Please print every record exactly as it stands, leaving out the pictures.

BEGIN

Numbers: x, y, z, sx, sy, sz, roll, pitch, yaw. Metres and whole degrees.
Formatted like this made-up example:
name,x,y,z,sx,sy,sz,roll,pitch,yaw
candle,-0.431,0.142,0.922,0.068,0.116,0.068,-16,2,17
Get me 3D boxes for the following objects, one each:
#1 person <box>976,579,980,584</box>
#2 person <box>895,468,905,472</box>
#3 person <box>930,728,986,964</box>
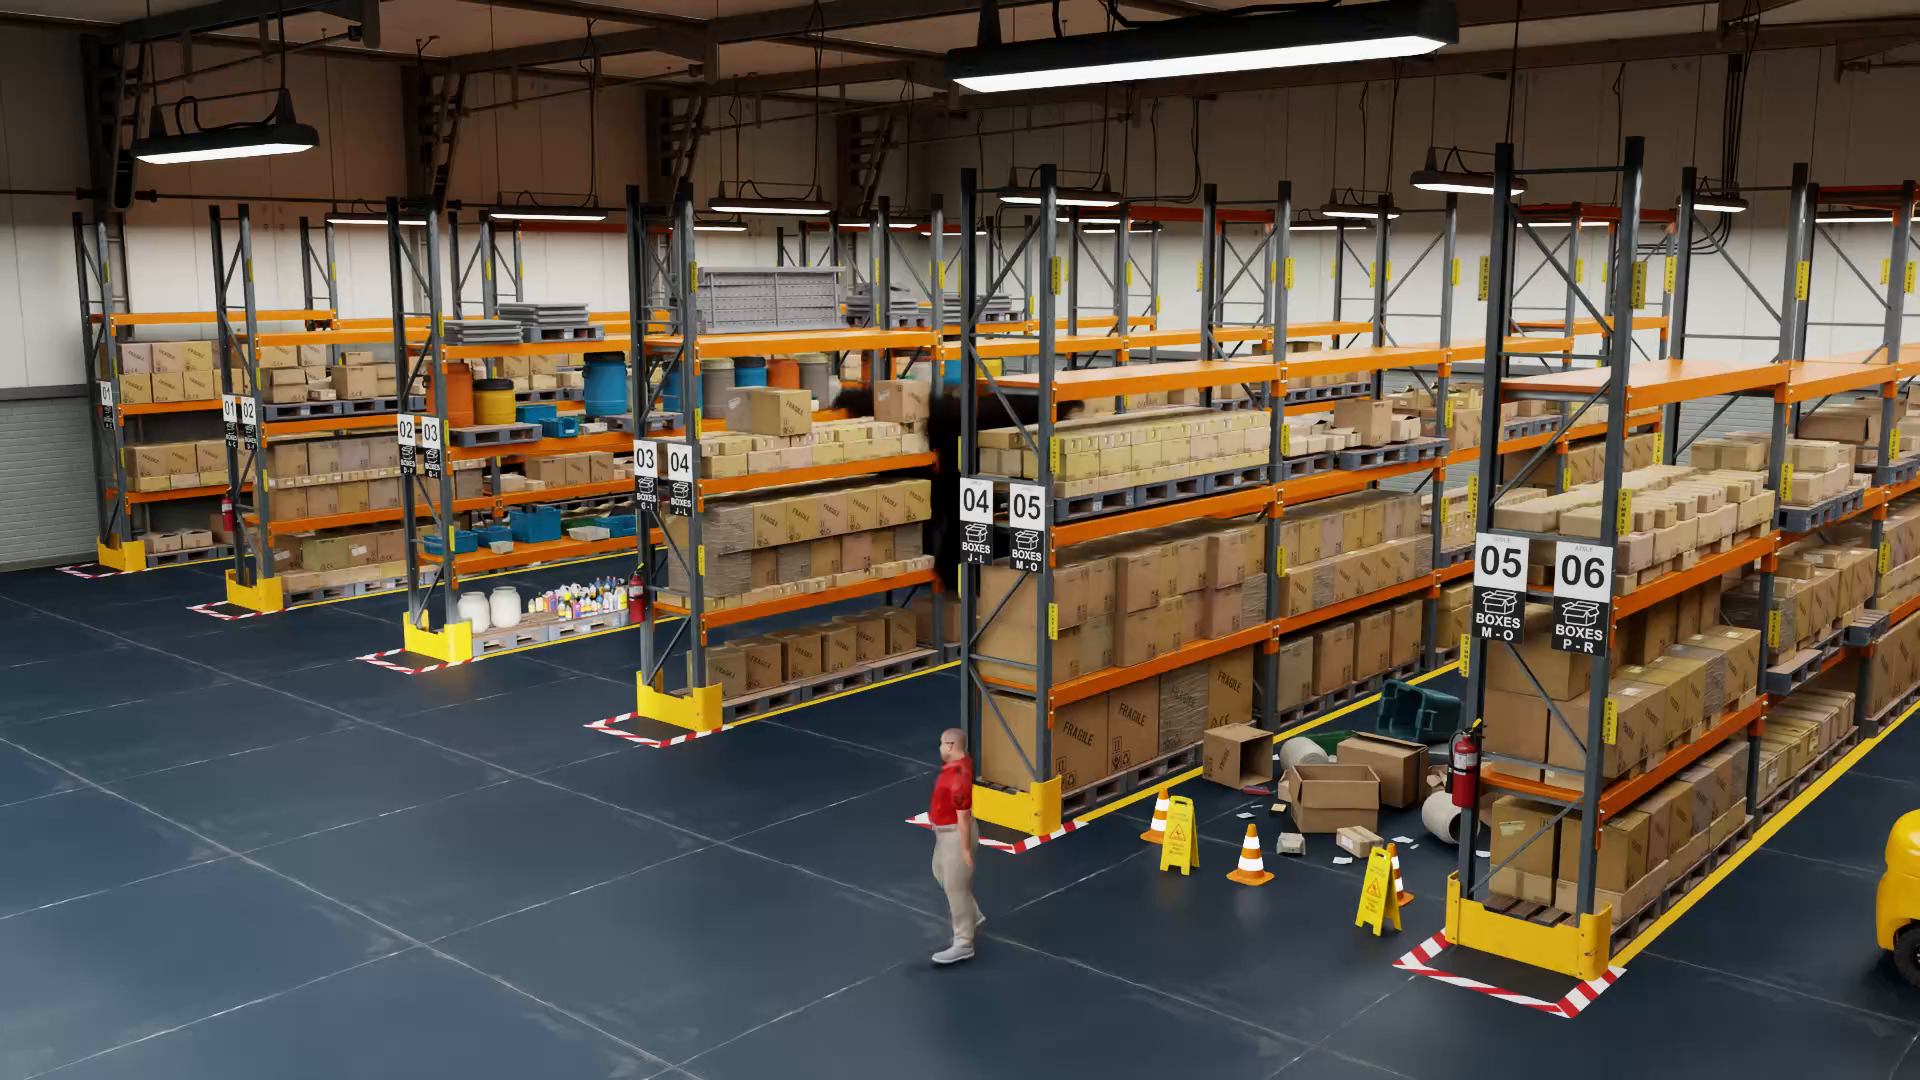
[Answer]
name,x,y,z,sx,sy,sz,roll,pitch,yaw
person,0.348,-0.185,25.585,0.422,1.676,0.553,7,12,37
person,-1.518,-2.406,40.355,0.523,1.707,1.042,8,12,40
person,-0.014,2.256,12.499,0.428,1.752,0.617,0,9,-1

END

• [WRITTEN REPLY]
Numbers: x, y, z, sx, sy, sz, roll, pitch, yaw. Metres and whole degrees.
Formatted like this made-up example:
name,x,y,z,sx,sy,sz,roll,pitch,yaw
candle,-0.431,0.142,0.922,0.068,0.116,0.068,-16,2,17
Get me 3D boxes for the following objects, one each:
#1 person <box>976,579,980,584</box>
#2 person <box>895,468,905,472</box>
#3 person <box>930,728,986,964</box>
[Answer]
name,x,y,z,sx,sy,sz,roll,pitch,yaw
person,0.348,-0.185,25.585,0.422,1.676,0.553,7,12,37
person,-1.518,-2.406,40.355,0.523,1.707,1.042,8,12,40
person,-0.014,2.256,12.499,0.428,1.752,0.617,0,9,-1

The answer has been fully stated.